Throughout the 2016 presidential campaign, Donald Trump was discounted.  His attack against John McCain inferring that McCain was not a hero was supposed to doom his campaign yet his poll numbers increased.  Trump’s running feud with Megyn Kelly was going to be the end of the campaign, yet it reverberated in Trump’s favor.  There was no way he could win the Republican nomination with all of his verbal stumbles yet he emerged as the Republican nominee.  Hillary Clinton was a sure winner against Trump, conventional wisdom held.  The debates were viewed as a disaster and of course there was the infamous Access Hollywood tape.  Yet rather than bow to traditional crisis management, Trump doubled down attacking his enemies and never backing down.  On Election Night, he scored the greatest political upset since Harry Truman in 1948.

Trump’s success can be attributed to one thing more than anything else – his brand.  The public has known the Trump brand for decades.  It is flamboyant, never backs down and bucks conventional wisdom.  This is what voters bought into during the 2016 election – the Trump brand.  Voters believed in the brand and that Trump was not a regular politician.

For Trump now to follow a traditional crisis management response would go against that brand story that his voters bought into.  Based upon polls, Trump’s base is staying with him.  In many ways, Trump is like Phil Robertson of Duck Dynasty who apologized if his remarks offended anyone but never backed away from his remarks and the public rallied around him because it was consistent with his brand story.  For Trump to change is strategy and eschew to traditional crisis management steps would be to go against his brand story.

Brands watching Trump should realize that consumers buy into a brand’s identity during both good and bad times.  During a crisis, if a brand approaches a response not consistent with its identity it runs the risk of alienating its consumers and losing its unique identity.  Donald Trump understands that lesson and that is why we cannot expect to see traditional crisis management from him.

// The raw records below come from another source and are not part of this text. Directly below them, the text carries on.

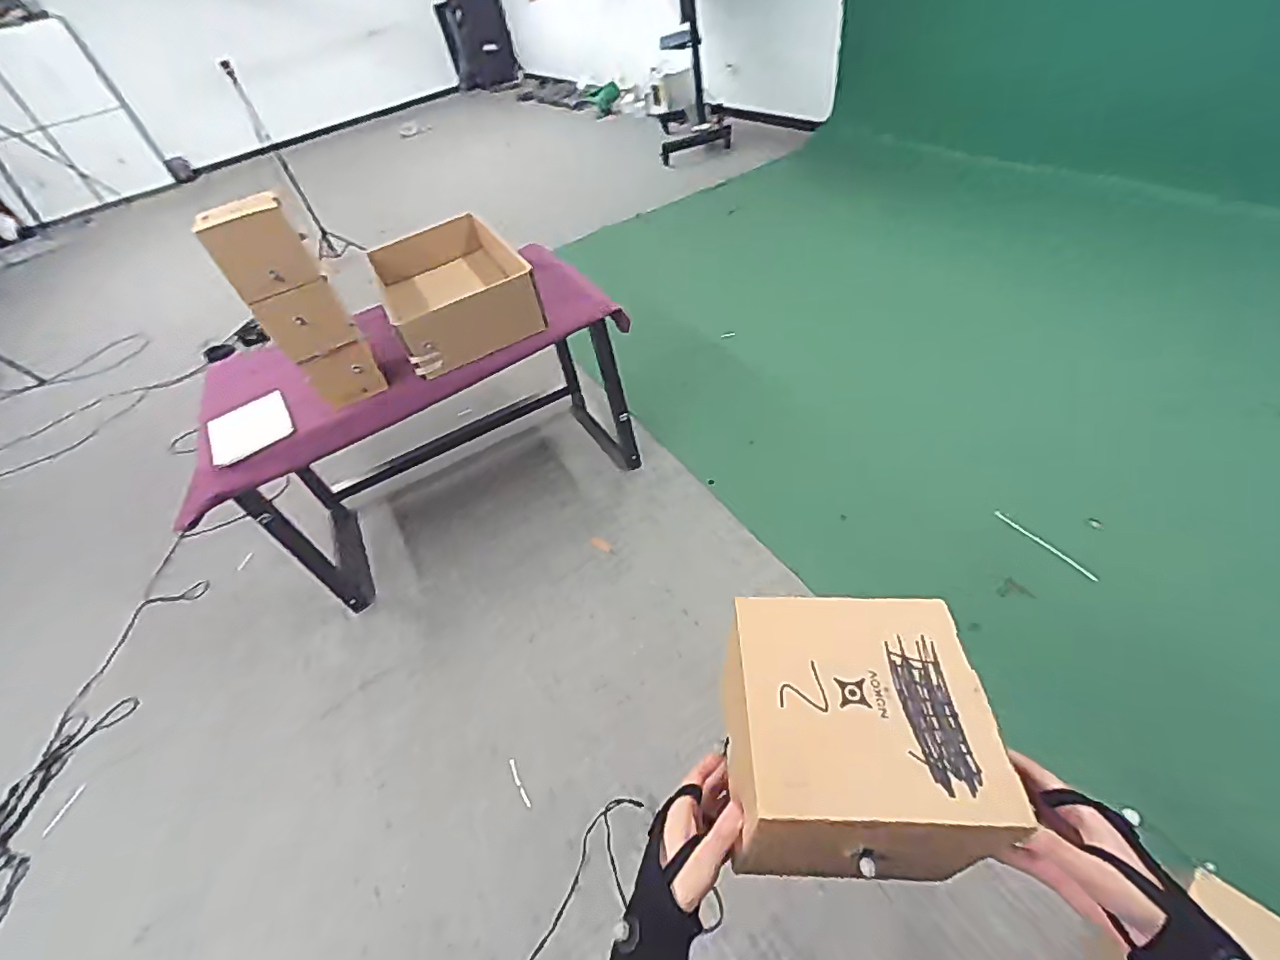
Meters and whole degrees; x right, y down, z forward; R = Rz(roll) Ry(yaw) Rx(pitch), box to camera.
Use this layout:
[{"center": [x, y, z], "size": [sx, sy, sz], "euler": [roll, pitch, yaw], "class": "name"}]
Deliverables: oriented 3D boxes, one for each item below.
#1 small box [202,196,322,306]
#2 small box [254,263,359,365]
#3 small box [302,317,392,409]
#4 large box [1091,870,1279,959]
[{"center": [-0.872, -0.537, 1.266], "size": [0.179, 0.176, 0.168], "euler": [-27, 45, -14], "class": "small box"}, {"center": [-0.844, -0.423, 1.382], "size": [0.179, 0.176, 0.168], "euler": [-27, 46, -13], "class": "small box"}, {"center": [-0.815, -0.320, 1.506], "size": [0.168, 0.176, 0.179], "euler": [-27, 45, -13], "class": "small box"}, {"center": [0.898, 0.922, 0.819], "size": [0.408, 0.320, 0.320], "euler": [-39, 51, -24], "class": "large box"}]
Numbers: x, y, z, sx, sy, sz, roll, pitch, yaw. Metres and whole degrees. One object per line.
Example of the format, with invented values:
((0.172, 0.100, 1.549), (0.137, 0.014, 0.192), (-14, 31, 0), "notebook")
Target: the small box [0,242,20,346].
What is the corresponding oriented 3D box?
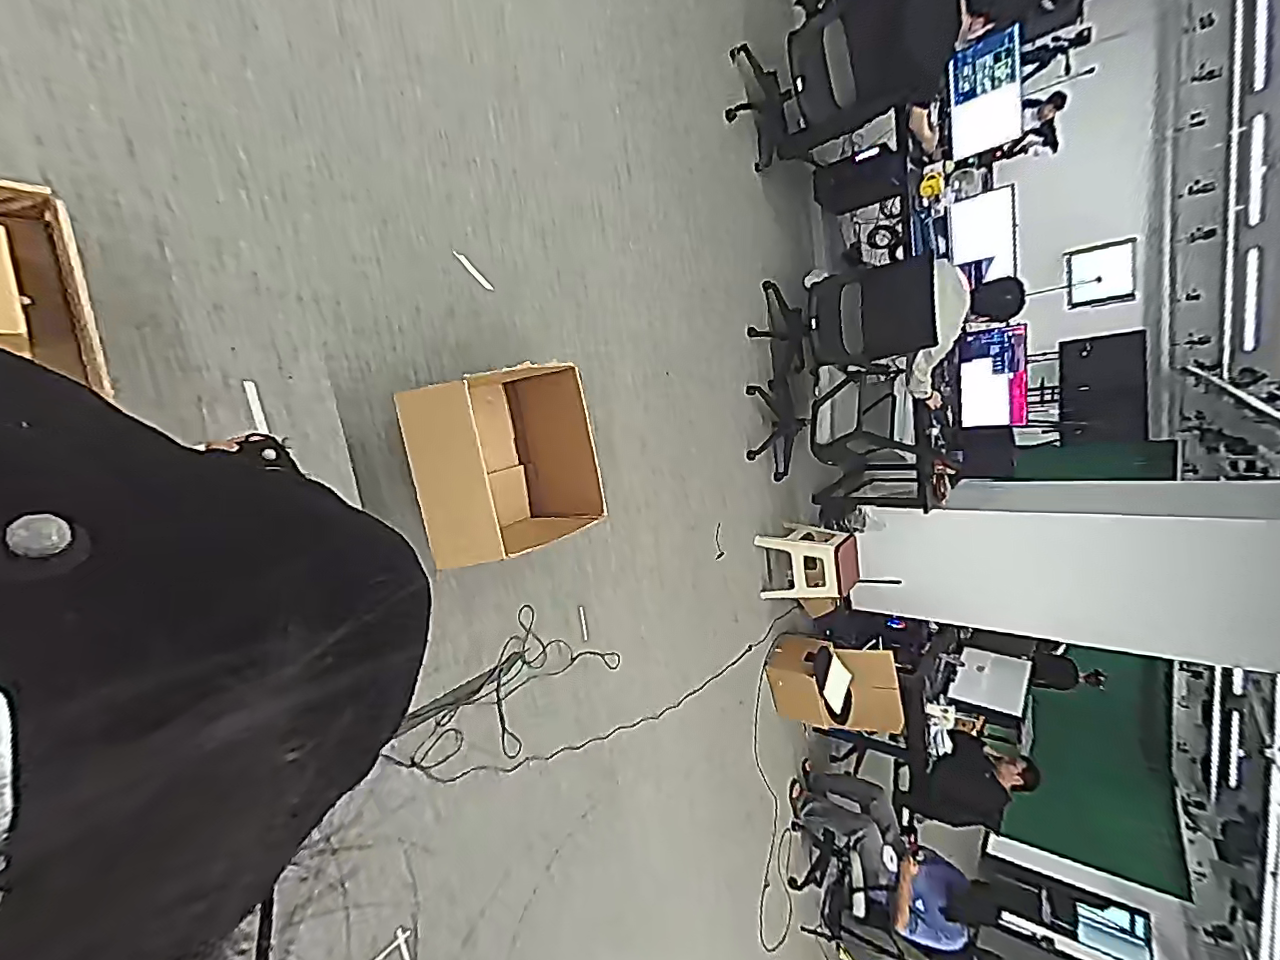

#WhiteHouse…In Search of a Strategic Crisis Communications Plan

Every presidential administration just like every business needs crisis communications at some point.  For the Trump Administration, the need is coming earlier than most (not even a month into the Administration).   The Administration has been beset by numerous mistakes (Michael Flynn, alternative facts, the CIA visit, the Australia phone call) that have overshadowed its successes.  So what should the Administration do in terms of crisis communications?

  1. Limit President Trump’s media exposure. One of the great powers of the presidency is the President himself.  But he has been everywhere all at once.  The Administration needs to limit his media exposure to one major event a day that coincides with the message of the day.
  2. Replace Sean Spicer as White House Press Secretary. Spicer is serving as both White House Communications Director and Press Secretary.  He has become a parody in his role as White House Press Secretary through the Saturday Night Live Melissa McCarthy portrayals and has lost some credibility with the media that he works with on a daily basis.  Retain him as White House Communications Director but bring in a respected person as Press Secretary to give the White House a fresh approach in its press dealings.
  3. Now that National Security Adviser Michael Flynn has resigned, the Administration needs to replace him quickly with a well-respected individual that will command respect in the media, with the public, and policy makers.
  4. Stay on message. Too often the Administration has fallen off of its message and got caught in needless distractions.  It needs to avoids this.
  5. Refocus on its campaign pledge of tax reform, infrastructure and creating jobs.
  6. Limit the President’s Twitter use (perhaps impossible). While reaching voters it creates needless news stories for the Administration.
  7. Carefully vet all facts released. Mistaken facts or alleged false facts (Bowling Green Massacre) are doing untold damage to the Administration’s credibility.  The media is giving everything greater scrutiny so this means the Administration cannot make mistakes with facts.
  8. Have Mike Pence, Reince Preibus, and Cabinet members be the main talk show spokespersons.
  9. Avoid lashing out at critics be it judges or Saturday Night Live as that creates an unnecessary news story that the media latches on to with a fervor.
  10. Have the message of the day come through one central source, preferably the chief of staff’s office as was done in previous Administrations.

Righting course after a few difficult weeks won’t be hard for the Trump Administration.  But to do so means employing a strategic crisis communications plan.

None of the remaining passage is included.